Yesterday it rained strongly here, and the umbrella salesmen popped up out of the blue on every street corner. And do you know what they were shouting? "Şemsiye, şemsiye!" None other than the Arabic word for umbrella still used to this day. Whereby the funny thing is, as I have to explain to our readers who don't understand Arabic, that this Arabic word for umbrella contains the word for "sun", and originally referred to a parasol.

Most modern-day Turks know nothing of all this, because they were cut off from their cultural roots by the abolition of the Arabic alphabet in 1928. Just imagine: hardly any Turkish people can now read the script in which all classic works of Ottoman Turkish literature were written! More than that, in fact: even if these works are reprinted today in Latin script, only specialists can still read them, because Atatürk arranged a kind of linguistic holocaust by attempting to replace all Arabic and Persian words with those considered originally Turkish.

The word şemsiye proves that he did not succeed. All that he achieved was that the Turks have forgotten where the word comes from and what it actually means. That is why the Turks have a fractured national identity to this day, just like we Germans and no doubt the Egyptians too. And I say: thank goodness for that!

But if you or our readers ask me what this alternative mental place is that Ottoman poetry reveals to us, I can give a clear answer, albeit one which may sound rather sentimental: love! Love, understood not only as affection towards another individual, as worship of another individual – but love as a state or a condition that enables us to honour or worship the entirety of existence, both in the here and in the beyond. It is almost a religious state, but a religious state without denomination, without restriction to a certain religion, a certain god, a certain set of rites – a state close to the mystics' ecstasy; but also a state of which even the most sober of individuals has at least an inkling.

By no means, dear Khaled al-Khamissi, would I regard literature as tied to nations or geography, bearing all this in mind. James Joyce was a European and 1001 Nights was written in the Orient.

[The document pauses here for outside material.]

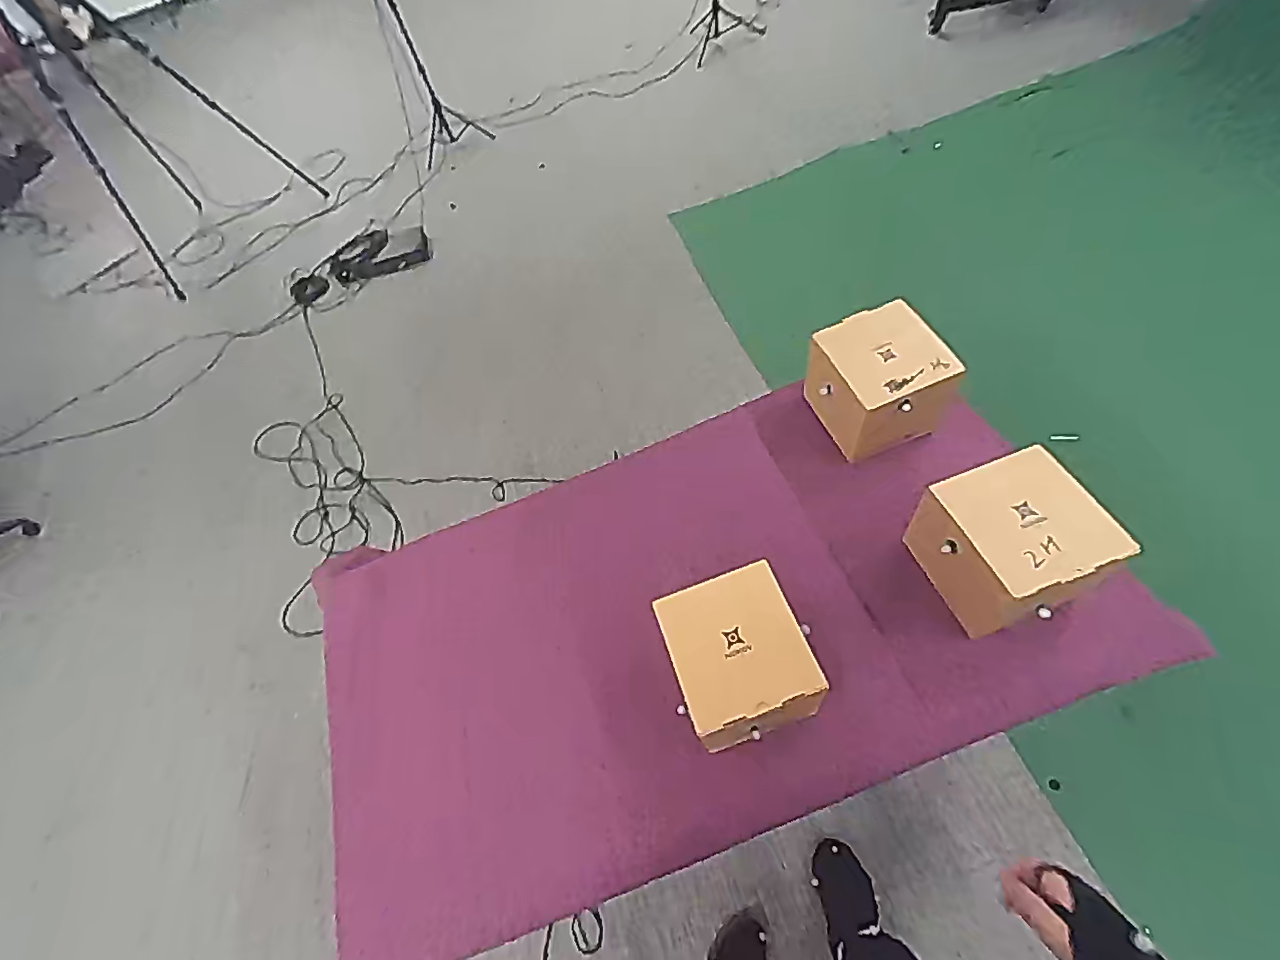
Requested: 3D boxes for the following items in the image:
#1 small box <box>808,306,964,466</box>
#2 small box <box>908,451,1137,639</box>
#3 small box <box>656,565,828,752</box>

But what would James Joyce be without the European literature before him! And what would European literature before Joyce be without 1001 Nights? Or without Homer, whom our narrow-minded modern understanding of the nation would classify not as a Greek but as a Turk! And what would Homer be without the ancient Babylonian epos of Gilgamesh? If world literature has a beginning at all, then it has it, seen from today, in Iraq and ancient Egypt!

But back to the role of the intellectual for a moment. Do we not have to come to terms with our lack of power, in the face of the developments you describe, on which we as people of words, of signs, of symbols, can have no direct influence? I have the feeling we are veritably forced to be always one step ahead of our time (like you were with your book).

In the time itself, in the present, we only feel our own lack of power, with the result that we grow either frustrated or more radical. Literature, or art in general, enables us to leap out of our own time, into another consciousness. It makes no difference whether this consciousness is one of the past or the future, because there is always something to be found in the past that can be made fruitful for the future, as in the example of Ottoman poetry.

All this does not mean, of course, that we should sit back and do nothing for the present day. Just yesterday, I signed a petition for solidarity with the Syrian protest movement. But for our actual, deeper changes of consciousness, we will have to have a very 'long wind', as we say in German.

With best wishes from a still rainy Istanbul, still flooded with salesmen calling "Şemsiye, şemsiye".